1526 nous apporte trois pages superbes. On voit la première à Aix-la-Chapelle; c'est un Christ qui fait ses adieux à sa Mère.
On voit la seconde à Vienne, dans la galerie du Belvédère; c'est le portrait d'un certain Johann Kleeberger, dont les grands yeux noirs et le teint mat sont très-poétiques. Il serait très-beau s'il avait un nez, mais ce détail lui manque presque absolument. Ce Kleeberger épousa Felicitas Pirkeimer, la fille de l'ami de Dürer. En 1532, deux ans après la mort de sa femme, il s'établit à Lyon où on ne l'appela bientôt que le bon Allemand, à cause du bien qu'il faisait aux pauvres. Lorsqu'il mourut, en 1546, ses compatriotes d'adoption lui élevèrent, sur le roc de Bourgneuf, une statue en bois, qui fut remplacée en 1849 par une statue en pierre, due au ciseau de M. Bonnaire.
La troisième est le portrait d'un des ancêtres de M. le conseiller et docteur Rodolphe Holzschuler, chef d'une illustre famille de Nuremberg, qui le montre aux étrangers avec une grâce parfaite. Son aïeul a cinquante-sept ans environ; mais malgré ses cheveux blancs, il a l'air fort jeune. Ce portrait est un chef-d'œuvre.
Il ne nous reste plus qu'à parler des tableaux qui n'ont pas de date certaine. Parmi ceux-là nous trouvons, à Venise, le célèbre Ecce Homo qui doit avoir été peint en 1505 ou en 1506.—A Vienne, dans la galerie de Fries, la Mort de la Vierge. La tête de la mère du Christ est le portrait fidèle de Marie de Bourgogne, première femme de Maximilien. Au second plan, on reconnaît l'empereur, son fils et un grand nombre de contemporains célèbres. La beauté de la couleur, le fini des détails et la ressemblance des personnages historiques donnent un grand attrait à cette admirable peinture.—A Florence, dans la galerie des Offices, la Madone avec l'Enfant. Ce tableau est mal placé; cependant on remarque la grâce et la beauté de la Vierge: on jurerait une de ces belles toiles de Jules Romain ou de son illustre maître.

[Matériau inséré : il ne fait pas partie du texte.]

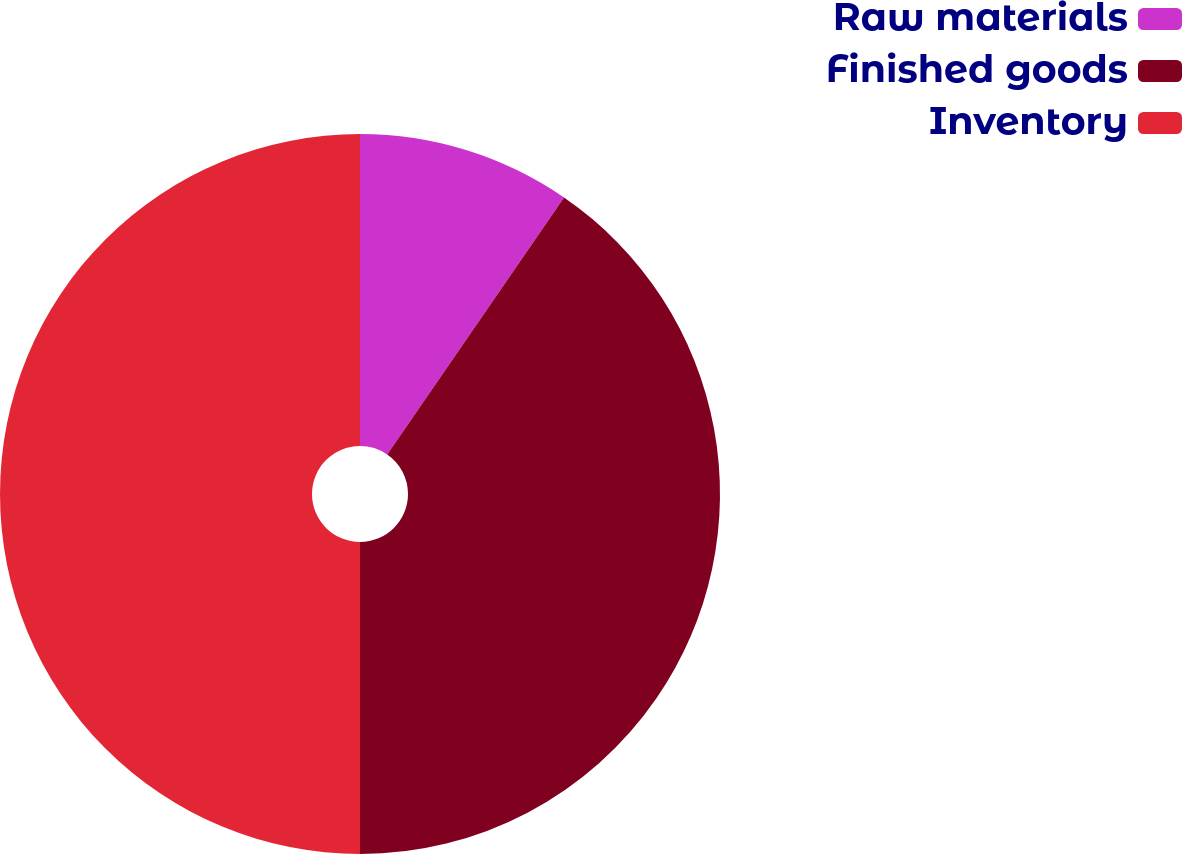Convert chart. <chart><loc_0><loc_0><loc_500><loc_500><pie_chart><fcel>Raw materials<fcel>Finished goods<fcel>Inventory<nl><fcel>9.59%<fcel>40.41%<fcel>50.0%<nl></chart> 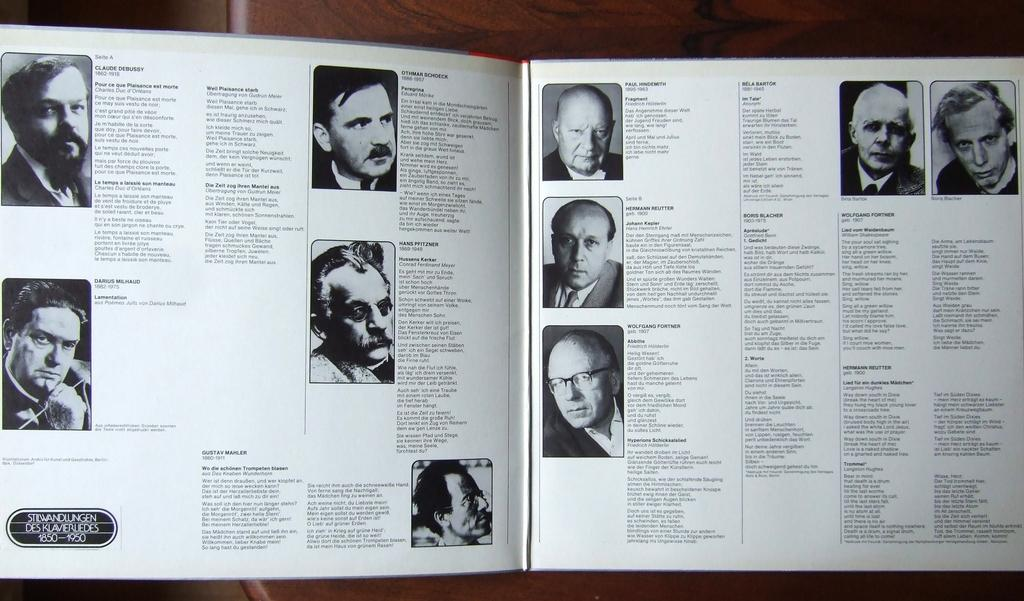What is the main object in the image? There is a book in the image. What type of content is featured in the book? The book contains images of men. Is there any text in the book? Yes, there is text on the pages of the book. What is the opinion of the bed in the image? There is no bed present in the image, so it is not possible to determine its opinion. 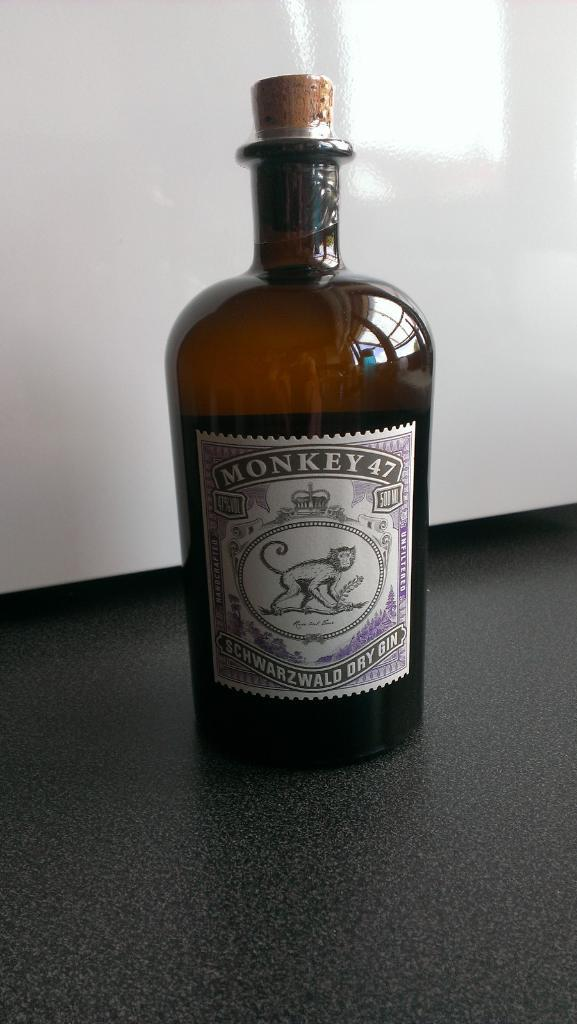<image>
Present a compact description of the photo's key features. A bottle of Monkey 47 brand gin with a cork. 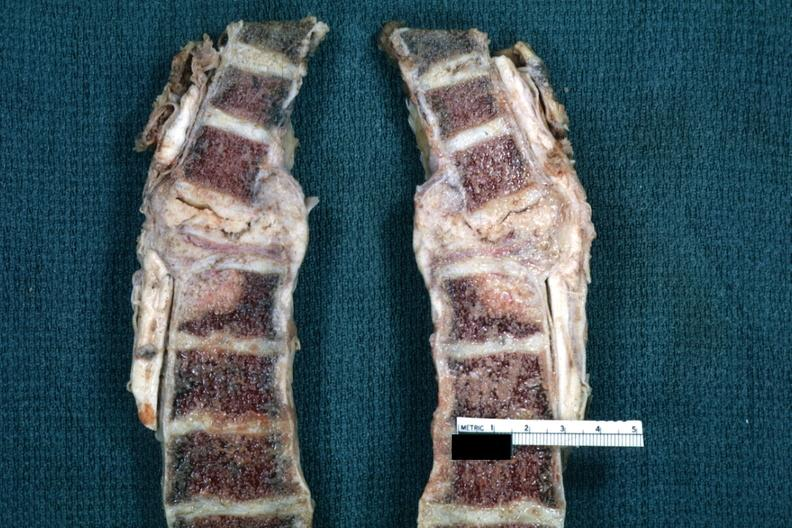s joints present?
Answer the question using a single word or phrase. Yes 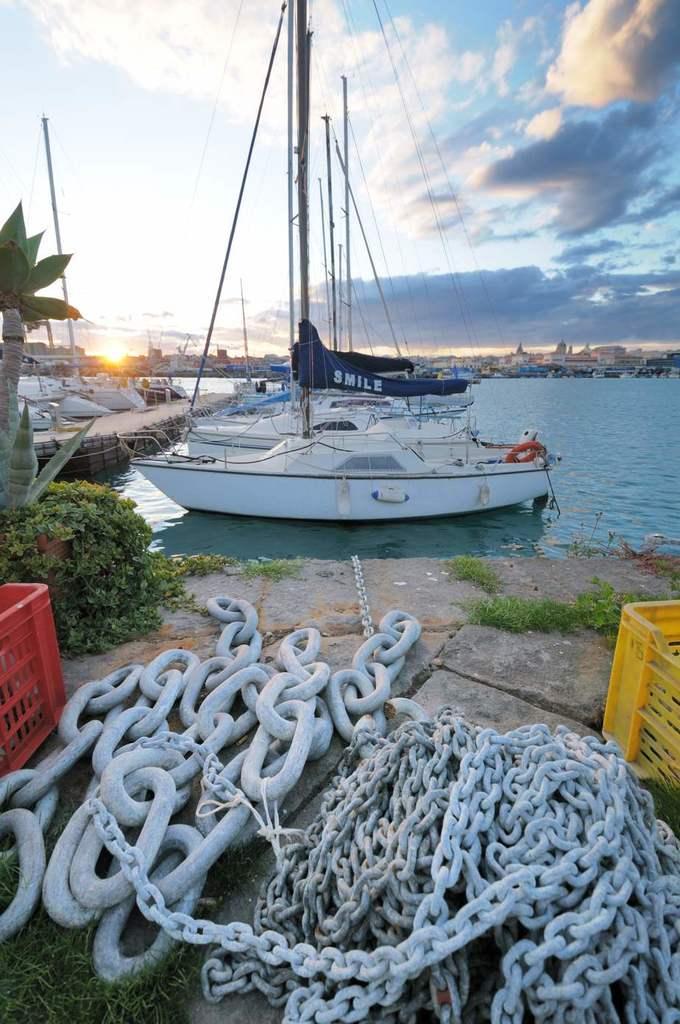In one or two sentences, can you explain what this image depicts? In this image we can see a few boats on the river. On the left side there are a few plants and trees. At the bottom of the image there are few chains and baskets. In the background there are buildings and a sky. 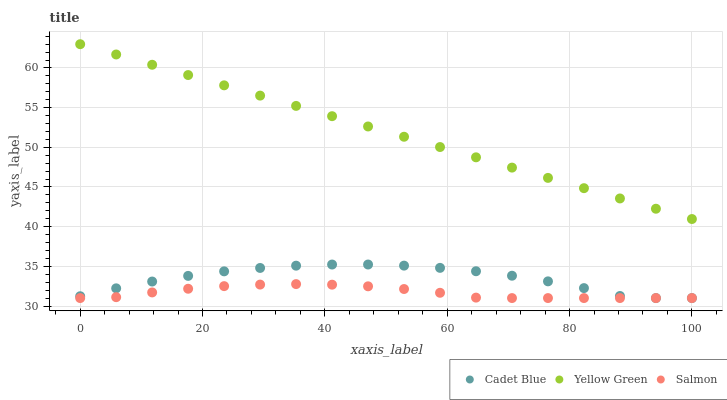Does Salmon have the minimum area under the curve?
Answer yes or no. Yes. Does Yellow Green have the maximum area under the curve?
Answer yes or no. Yes. Does Yellow Green have the minimum area under the curve?
Answer yes or no. No. Does Salmon have the maximum area under the curve?
Answer yes or no. No. Is Yellow Green the smoothest?
Answer yes or no. Yes. Is Cadet Blue the roughest?
Answer yes or no. Yes. Is Salmon the smoothest?
Answer yes or no. No. Is Salmon the roughest?
Answer yes or no. No. Does Cadet Blue have the lowest value?
Answer yes or no. Yes. Does Yellow Green have the lowest value?
Answer yes or no. No. Does Yellow Green have the highest value?
Answer yes or no. Yes. Does Salmon have the highest value?
Answer yes or no. No. Is Cadet Blue less than Yellow Green?
Answer yes or no. Yes. Is Yellow Green greater than Cadet Blue?
Answer yes or no. Yes. Does Salmon intersect Cadet Blue?
Answer yes or no. Yes. Is Salmon less than Cadet Blue?
Answer yes or no. No. Is Salmon greater than Cadet Blue?
Answer yes or no. No. Does Cadet Blue intersect Yellow Green?
Answer yes or no. No.

A Schleissheim, la Vierge, sainte Anne et l'Enfant Jésus endormi, tableau d'une exécution irréprochable, et une Mater dolorosa debout, les mains jointes.—Citons encore un Ecce Homo qui, pour ne pas valoir celui de Venise, n'est pas moins une fort belle chose dont la chapelle de Moritz, de Nuremberg, peut tirer grande vanité.—Hercule tuant les Harpies est un tableau peint à la détrempe; il en reste juste assez pour faire voir qu'il a été superbe et combien on doit le regretter.—Les Bustes des empereurs Charles et Sigismond, du château de Nuremberg, belles figures puissantes et majestueuses, peintes avec une grande sûreté de main.—Dans la galerie de Schleissheim, le Portrait d'un jeune savant, bon ouvrage exécuté à la détrempe, infiniment mieux conservé que l'Hercule dont nous avons déploré la fin prématurée.—A Anvers, au musée Van Ertborn, une Mater dolorosa. La Vierge, vêtue d'un manteau vert, est assise les mains jointes. Ce tableau est très-beau, très-fini, d'une couleur très-intense et d'une conservation parfaite; Otto Mündler l'attribue à Altdorfer. Il est peut-être d'Albert Dürer; les hommes distingués qui ont rédigé le livret du musée d'Anvers se contentent de dire qu'il appartient à l'école allemande. En Espagne ou en Italie on le donnerait sans hésiter à Albert Dürer. En Belgique, dans le doute, on s'abstient toujours, ce qui est à la fois plus honnête et plus habile.